WHAT TO DO =>
Exclude all pictures, then restate the entries below word for word.

DATA TO EXAMINE =>

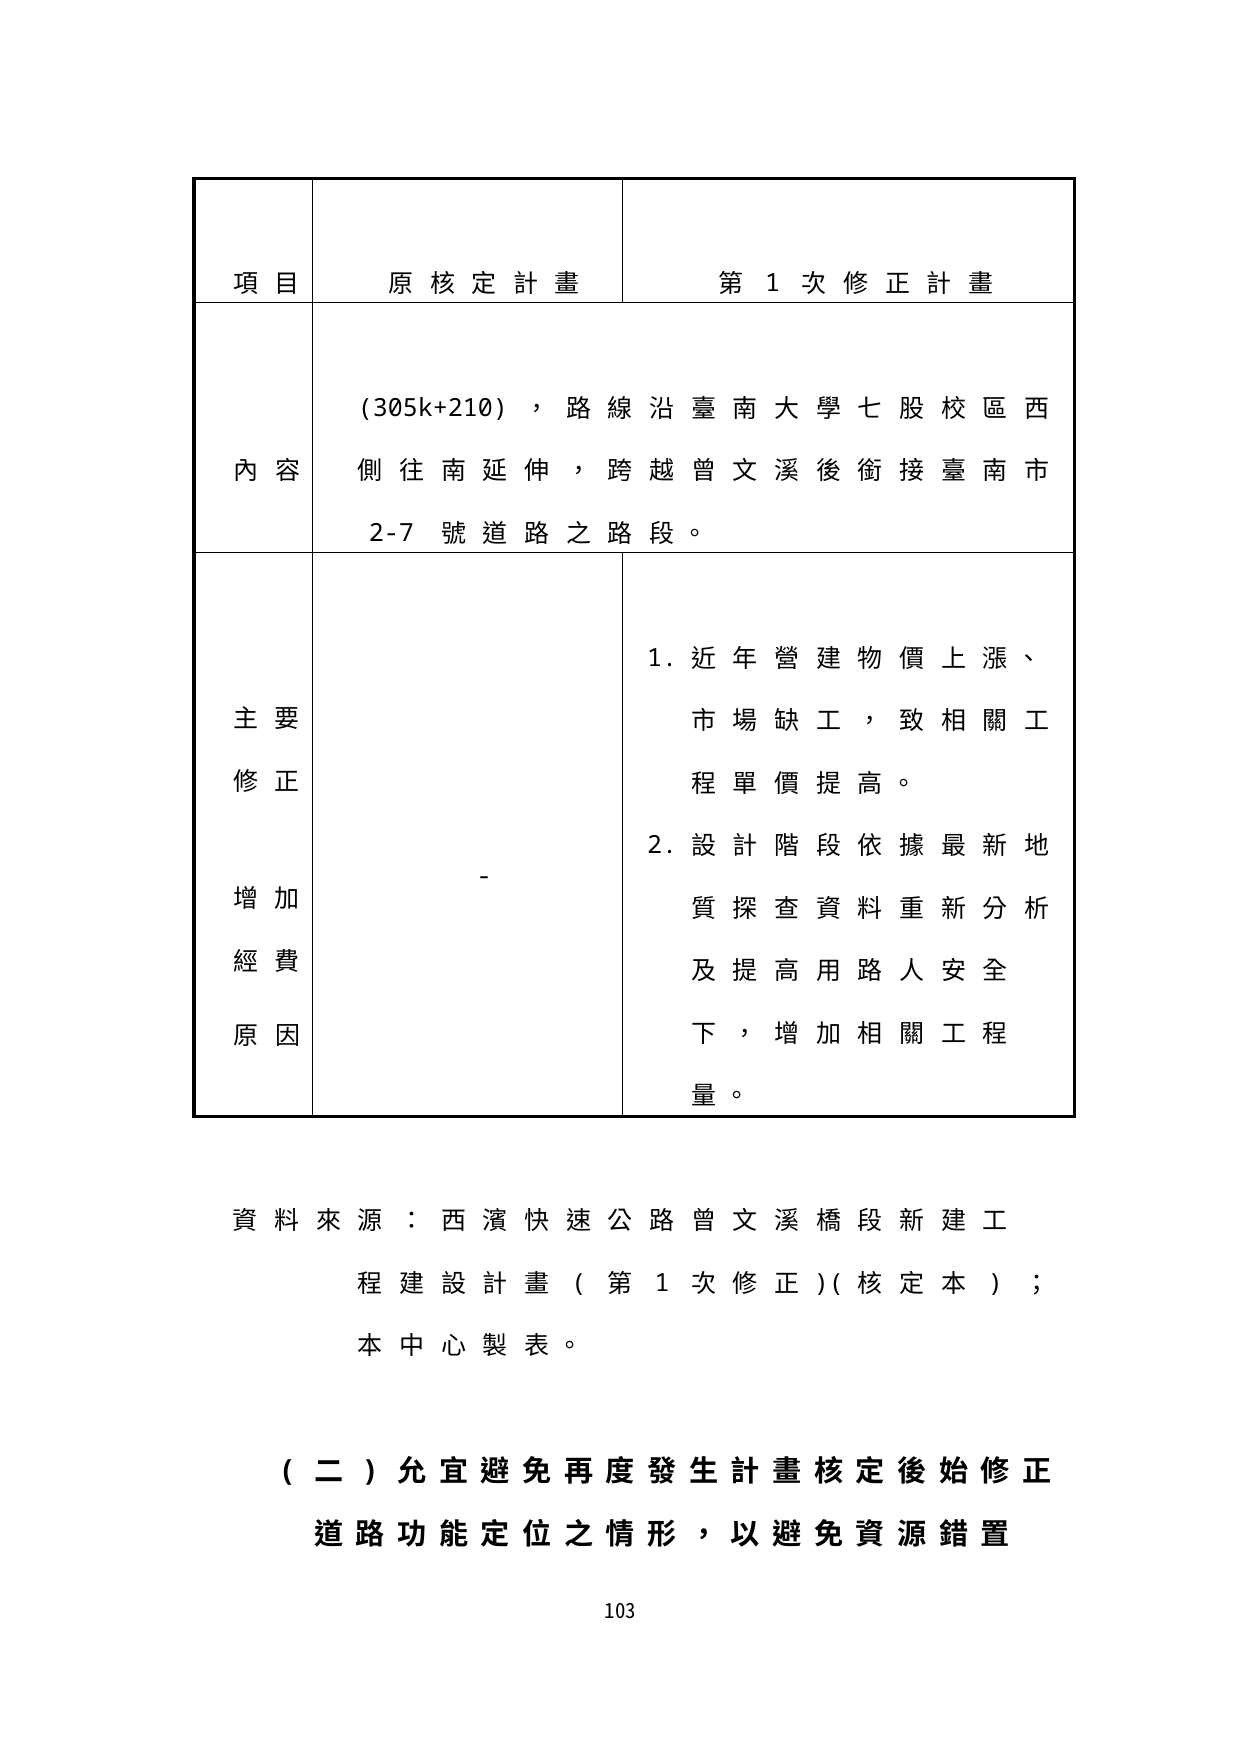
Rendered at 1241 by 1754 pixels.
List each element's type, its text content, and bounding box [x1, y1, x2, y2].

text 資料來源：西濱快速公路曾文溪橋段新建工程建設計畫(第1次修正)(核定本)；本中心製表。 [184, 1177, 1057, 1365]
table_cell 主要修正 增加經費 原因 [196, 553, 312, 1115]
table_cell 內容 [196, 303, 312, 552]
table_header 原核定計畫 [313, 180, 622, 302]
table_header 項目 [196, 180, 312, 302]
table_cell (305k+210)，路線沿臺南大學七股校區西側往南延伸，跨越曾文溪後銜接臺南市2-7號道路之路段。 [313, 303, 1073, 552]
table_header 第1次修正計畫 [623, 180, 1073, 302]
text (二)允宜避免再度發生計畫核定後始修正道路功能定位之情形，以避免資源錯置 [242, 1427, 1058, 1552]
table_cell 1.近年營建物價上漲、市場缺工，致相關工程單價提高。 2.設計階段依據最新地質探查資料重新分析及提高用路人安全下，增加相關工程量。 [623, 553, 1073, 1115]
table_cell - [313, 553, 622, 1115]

RESULT OF THIS EXERCISE =>
Rendered at 1241 by 1754 pixels.
List each element's type, its text content, and bounding box [x1, y1, x2, y2].

text 資料來源：西濱快速公路曾文溪橋段新建工程建設計畫(第1次修正)(核定本)；本中心製表。 [184, 1177, 1057, 1365]
table_cell 主要修正 增加經費 原因 [196, 553, 312, 1115]
table_cell 內容 [196, 303, 312, 552]
table_header 原核定計畫 [313, 180, 622, 302]
table_header 項目 [196, 180, 312, 302]
table_cell (305k+210)，路線沿臺南大學七股校區西側往南延伸，跨越曾文溪後銜接臺南市2-7號道路之路段。 [313, 303, 1073, 552]
table_header 第1次修正計畫 [623, 180, 1073, 302]
text (二)允宜避免再度發生計畫核定後始修正道路功能定位之情形，以避免資源錯置 [242, 1427, 1058, 1552]
table_cell 1.近年營建物價上漲、市場缺工，致相關工程單價提高。 2.設計階段依據最新地質探查資料重新分析及提高用路人安全下，增加相關工程量。 [623, 553, 1073, 1115]
table_cell - [313, 553, 622, 1115]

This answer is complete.